### WHAT TO DO
Starting at the line with "8) car <box>0,594,6,678</box>" and going on through the line with "9) pedestrian <box>1123,571,1149,616</box>", reproduce each line in the records below exactly and nothing more.

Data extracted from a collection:
- - - -

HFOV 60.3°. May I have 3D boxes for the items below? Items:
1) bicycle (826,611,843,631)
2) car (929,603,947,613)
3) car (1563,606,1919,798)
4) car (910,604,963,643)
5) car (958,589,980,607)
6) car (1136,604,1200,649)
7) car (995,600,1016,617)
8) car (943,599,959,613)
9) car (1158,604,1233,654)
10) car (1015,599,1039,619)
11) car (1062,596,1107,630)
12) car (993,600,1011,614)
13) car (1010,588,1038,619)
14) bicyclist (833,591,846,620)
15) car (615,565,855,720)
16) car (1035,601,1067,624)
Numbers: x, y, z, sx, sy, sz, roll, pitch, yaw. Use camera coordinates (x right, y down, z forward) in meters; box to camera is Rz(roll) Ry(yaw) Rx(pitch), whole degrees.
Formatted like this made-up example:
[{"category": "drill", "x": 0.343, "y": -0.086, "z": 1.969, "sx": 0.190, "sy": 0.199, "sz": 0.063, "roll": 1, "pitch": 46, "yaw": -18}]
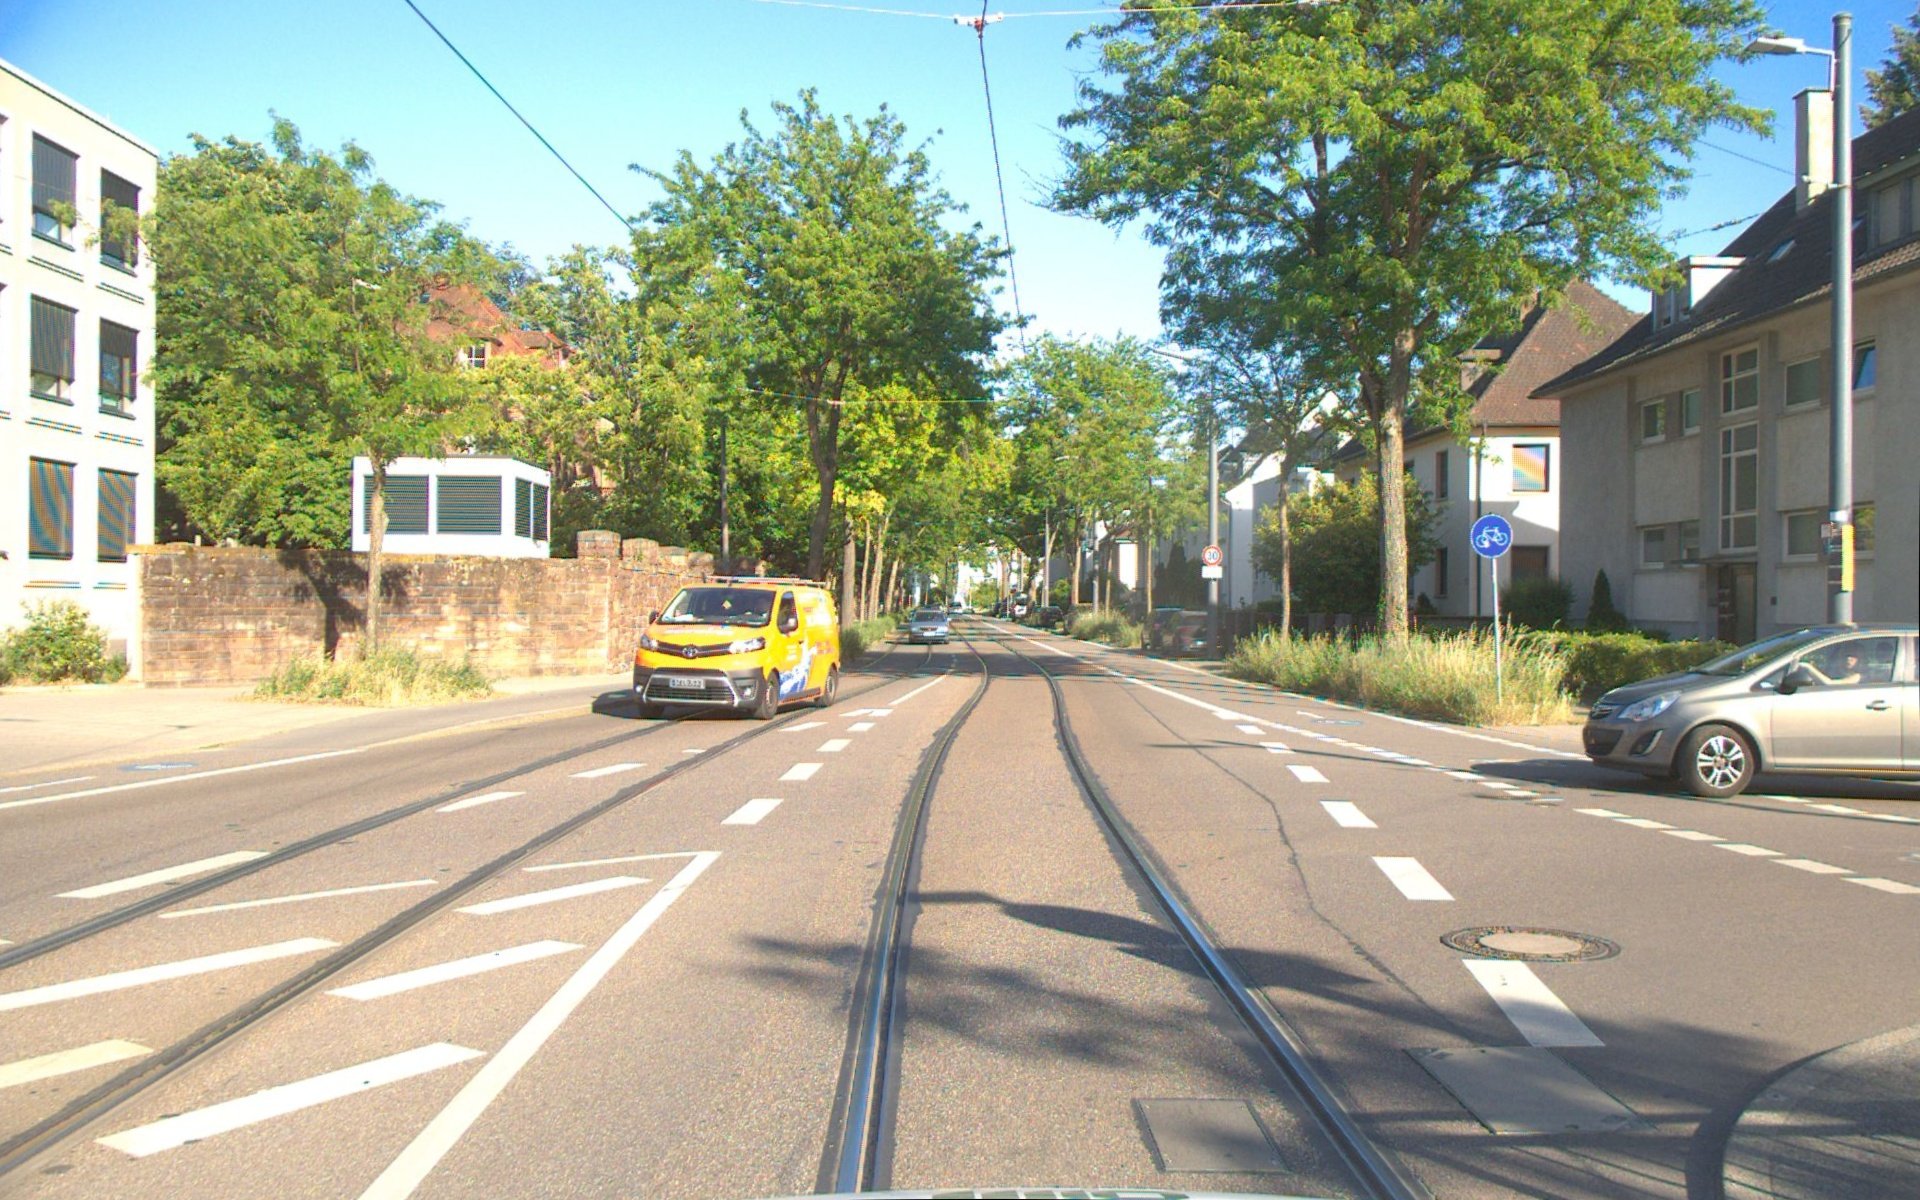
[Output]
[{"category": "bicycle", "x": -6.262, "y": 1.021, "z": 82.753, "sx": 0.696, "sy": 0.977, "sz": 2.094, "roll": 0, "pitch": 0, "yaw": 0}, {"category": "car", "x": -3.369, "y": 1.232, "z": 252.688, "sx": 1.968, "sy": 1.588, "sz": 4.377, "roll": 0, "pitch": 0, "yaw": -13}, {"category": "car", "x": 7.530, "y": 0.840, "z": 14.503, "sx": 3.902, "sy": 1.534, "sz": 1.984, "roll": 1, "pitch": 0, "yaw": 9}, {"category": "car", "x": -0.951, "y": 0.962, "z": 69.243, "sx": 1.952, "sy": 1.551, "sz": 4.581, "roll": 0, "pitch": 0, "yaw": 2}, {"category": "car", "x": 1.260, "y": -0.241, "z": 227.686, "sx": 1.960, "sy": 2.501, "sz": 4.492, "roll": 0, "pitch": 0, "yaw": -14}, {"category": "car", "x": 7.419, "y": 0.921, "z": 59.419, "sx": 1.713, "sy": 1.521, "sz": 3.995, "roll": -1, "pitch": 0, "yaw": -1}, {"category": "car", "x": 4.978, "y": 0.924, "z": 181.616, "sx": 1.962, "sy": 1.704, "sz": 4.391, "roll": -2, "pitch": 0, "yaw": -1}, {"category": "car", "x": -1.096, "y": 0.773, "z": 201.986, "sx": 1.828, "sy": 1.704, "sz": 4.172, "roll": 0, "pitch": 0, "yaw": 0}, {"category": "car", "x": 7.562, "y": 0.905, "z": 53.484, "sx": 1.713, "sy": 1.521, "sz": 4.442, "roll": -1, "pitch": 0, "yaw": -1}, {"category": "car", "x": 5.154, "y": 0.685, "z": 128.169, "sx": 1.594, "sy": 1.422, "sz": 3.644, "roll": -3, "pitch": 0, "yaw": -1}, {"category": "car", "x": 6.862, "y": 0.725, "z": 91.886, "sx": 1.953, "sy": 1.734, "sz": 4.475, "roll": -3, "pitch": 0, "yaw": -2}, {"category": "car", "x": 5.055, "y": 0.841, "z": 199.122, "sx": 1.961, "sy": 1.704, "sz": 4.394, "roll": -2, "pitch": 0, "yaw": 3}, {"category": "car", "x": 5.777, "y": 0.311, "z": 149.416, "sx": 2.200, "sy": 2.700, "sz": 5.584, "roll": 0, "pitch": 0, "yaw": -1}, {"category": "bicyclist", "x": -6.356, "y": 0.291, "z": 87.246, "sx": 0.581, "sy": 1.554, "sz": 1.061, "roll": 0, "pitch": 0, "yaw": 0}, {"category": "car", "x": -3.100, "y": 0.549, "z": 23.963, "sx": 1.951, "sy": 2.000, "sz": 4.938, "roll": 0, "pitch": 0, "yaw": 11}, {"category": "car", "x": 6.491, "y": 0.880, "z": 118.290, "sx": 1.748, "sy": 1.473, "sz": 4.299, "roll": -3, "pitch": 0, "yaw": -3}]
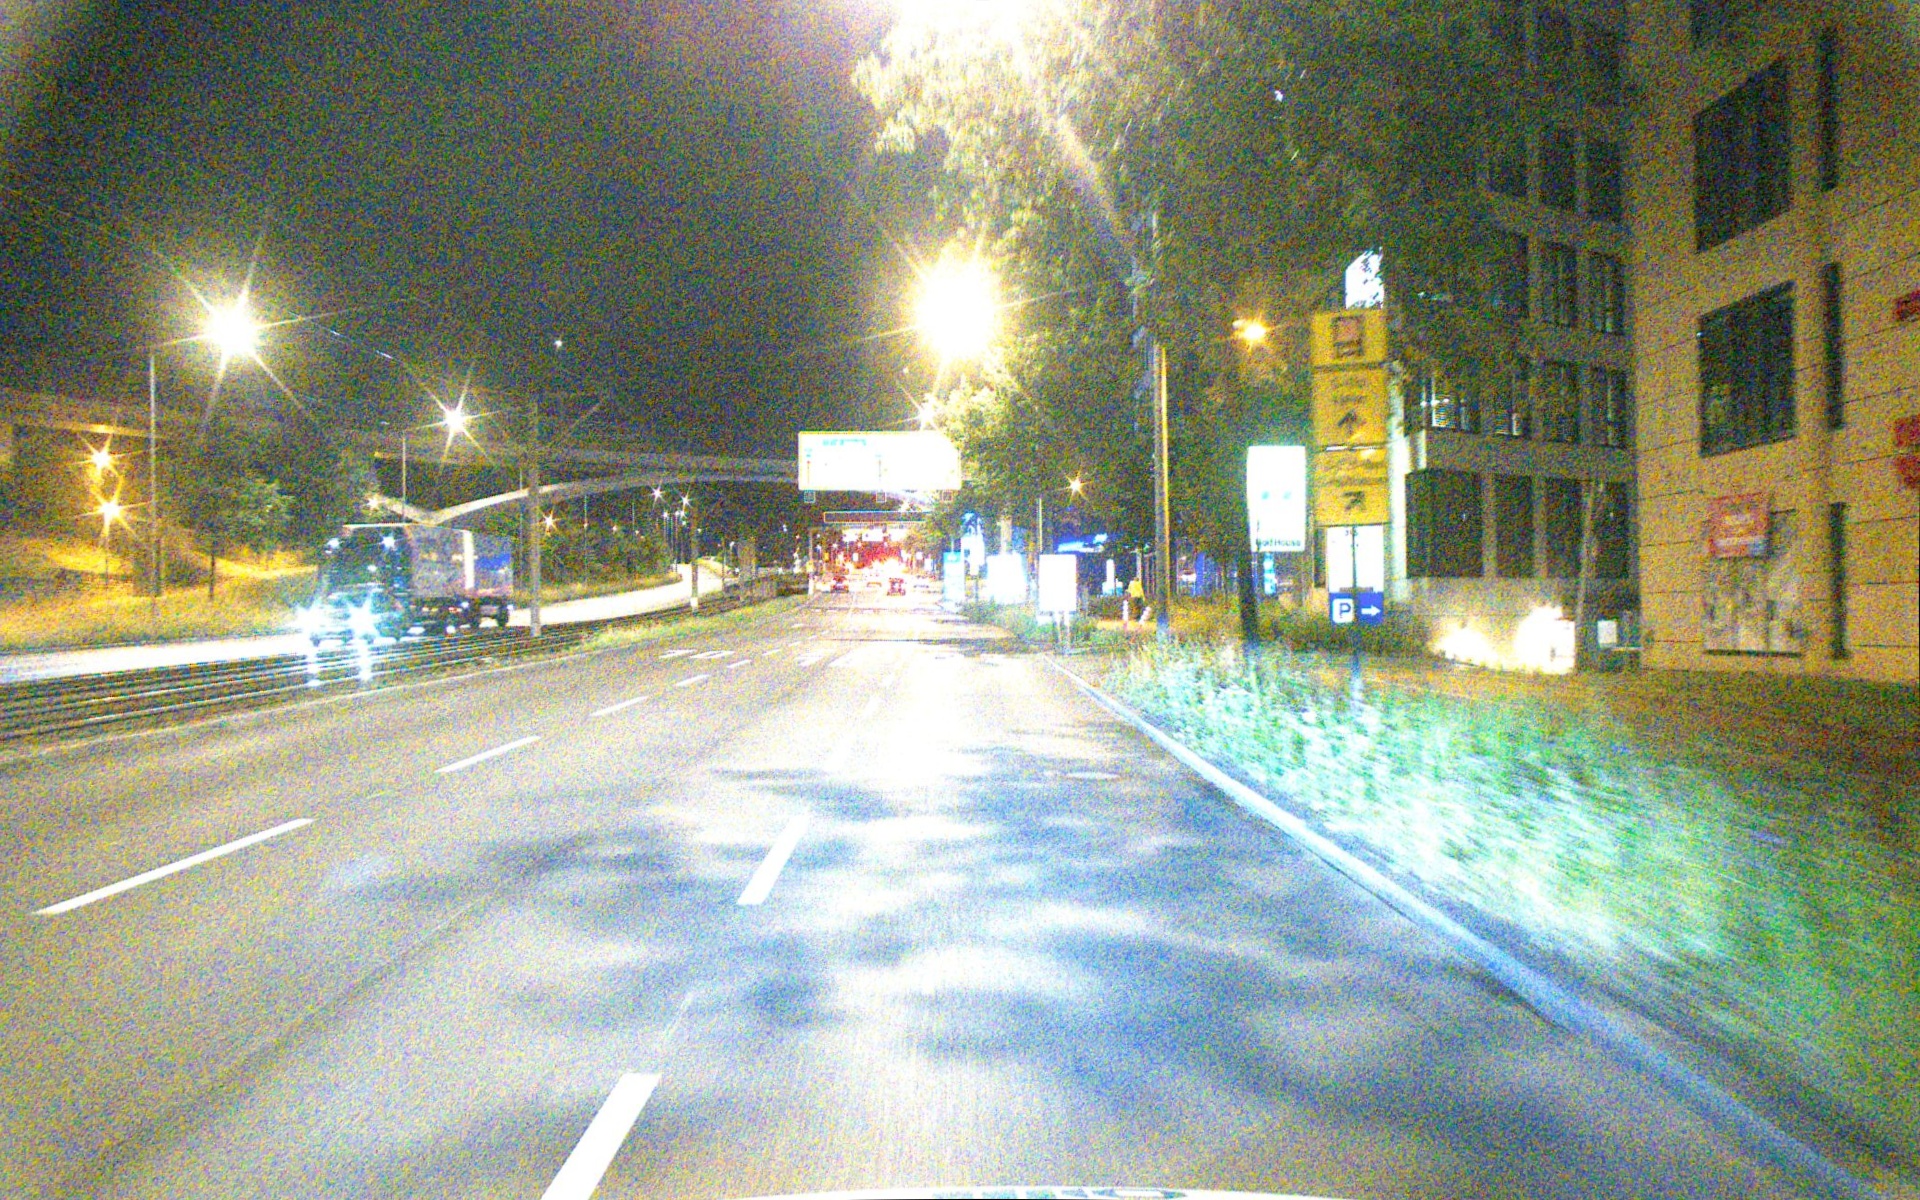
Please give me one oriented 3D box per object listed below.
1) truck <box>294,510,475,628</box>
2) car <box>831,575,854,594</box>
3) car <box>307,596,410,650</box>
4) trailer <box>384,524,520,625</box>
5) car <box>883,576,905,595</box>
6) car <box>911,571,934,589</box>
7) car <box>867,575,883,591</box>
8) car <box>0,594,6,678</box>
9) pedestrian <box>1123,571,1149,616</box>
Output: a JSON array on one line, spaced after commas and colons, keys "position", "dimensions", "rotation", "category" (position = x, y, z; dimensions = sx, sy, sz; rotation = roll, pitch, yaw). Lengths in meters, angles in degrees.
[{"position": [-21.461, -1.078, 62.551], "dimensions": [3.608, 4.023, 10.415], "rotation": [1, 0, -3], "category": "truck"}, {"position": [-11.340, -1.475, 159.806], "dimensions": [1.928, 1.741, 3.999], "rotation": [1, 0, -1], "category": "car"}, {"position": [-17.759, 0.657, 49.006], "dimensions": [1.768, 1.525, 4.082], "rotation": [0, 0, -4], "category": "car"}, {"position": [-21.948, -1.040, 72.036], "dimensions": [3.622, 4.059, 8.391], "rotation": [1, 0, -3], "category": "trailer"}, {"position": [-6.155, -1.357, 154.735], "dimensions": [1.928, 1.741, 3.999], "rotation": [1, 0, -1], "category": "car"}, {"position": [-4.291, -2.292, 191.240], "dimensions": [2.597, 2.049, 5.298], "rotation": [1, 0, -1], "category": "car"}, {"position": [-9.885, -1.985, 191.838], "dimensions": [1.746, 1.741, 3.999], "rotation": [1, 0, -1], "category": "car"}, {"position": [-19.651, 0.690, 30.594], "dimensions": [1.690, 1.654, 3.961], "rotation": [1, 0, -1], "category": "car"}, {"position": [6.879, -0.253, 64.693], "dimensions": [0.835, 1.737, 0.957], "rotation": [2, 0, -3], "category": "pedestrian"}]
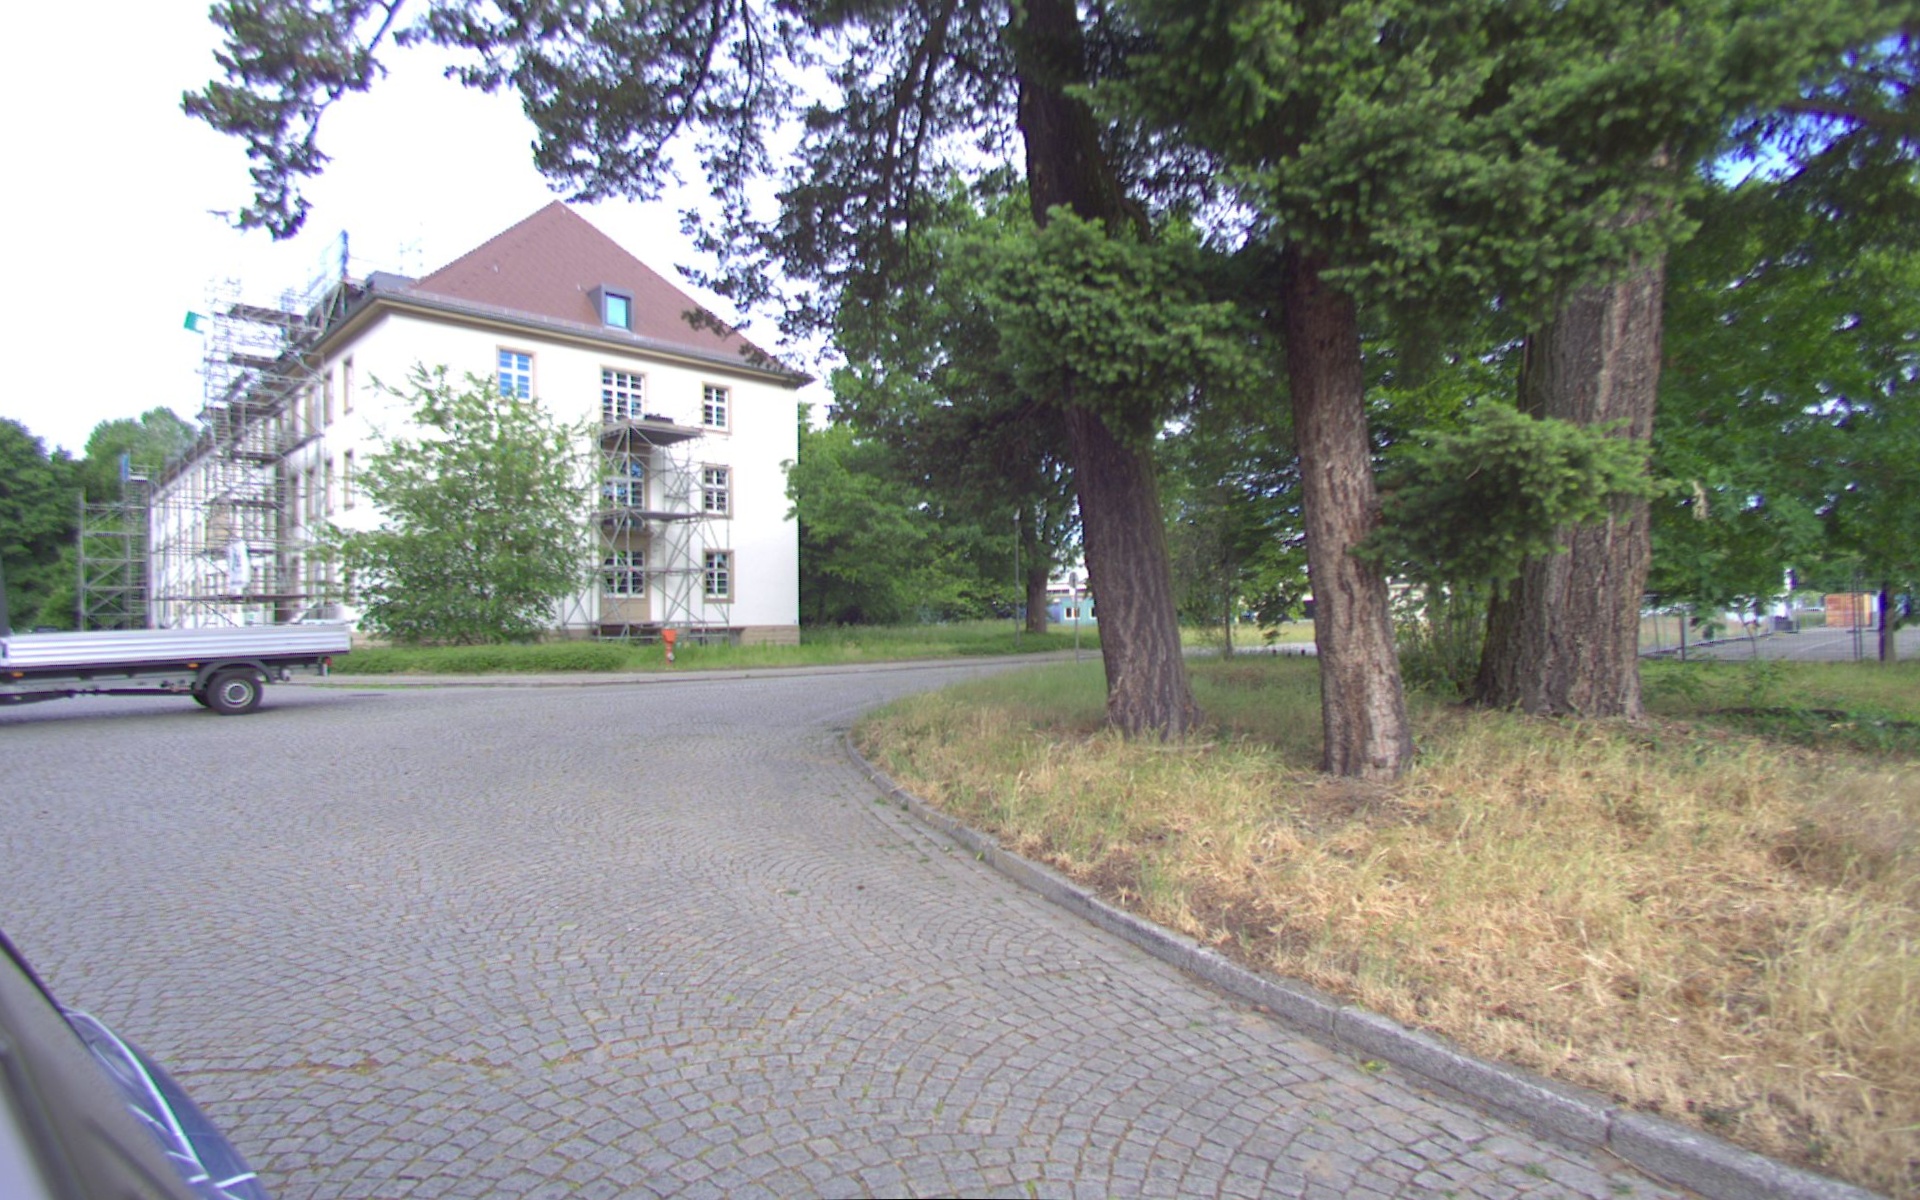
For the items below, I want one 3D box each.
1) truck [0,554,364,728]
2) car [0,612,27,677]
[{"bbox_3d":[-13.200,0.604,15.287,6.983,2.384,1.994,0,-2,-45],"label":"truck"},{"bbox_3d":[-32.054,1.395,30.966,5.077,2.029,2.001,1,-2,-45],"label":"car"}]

- - - -

### FINAL ANSWER
8) car <box>0,594,6,678</box>
9) pedestrian <box>1123,571,1149,616</box>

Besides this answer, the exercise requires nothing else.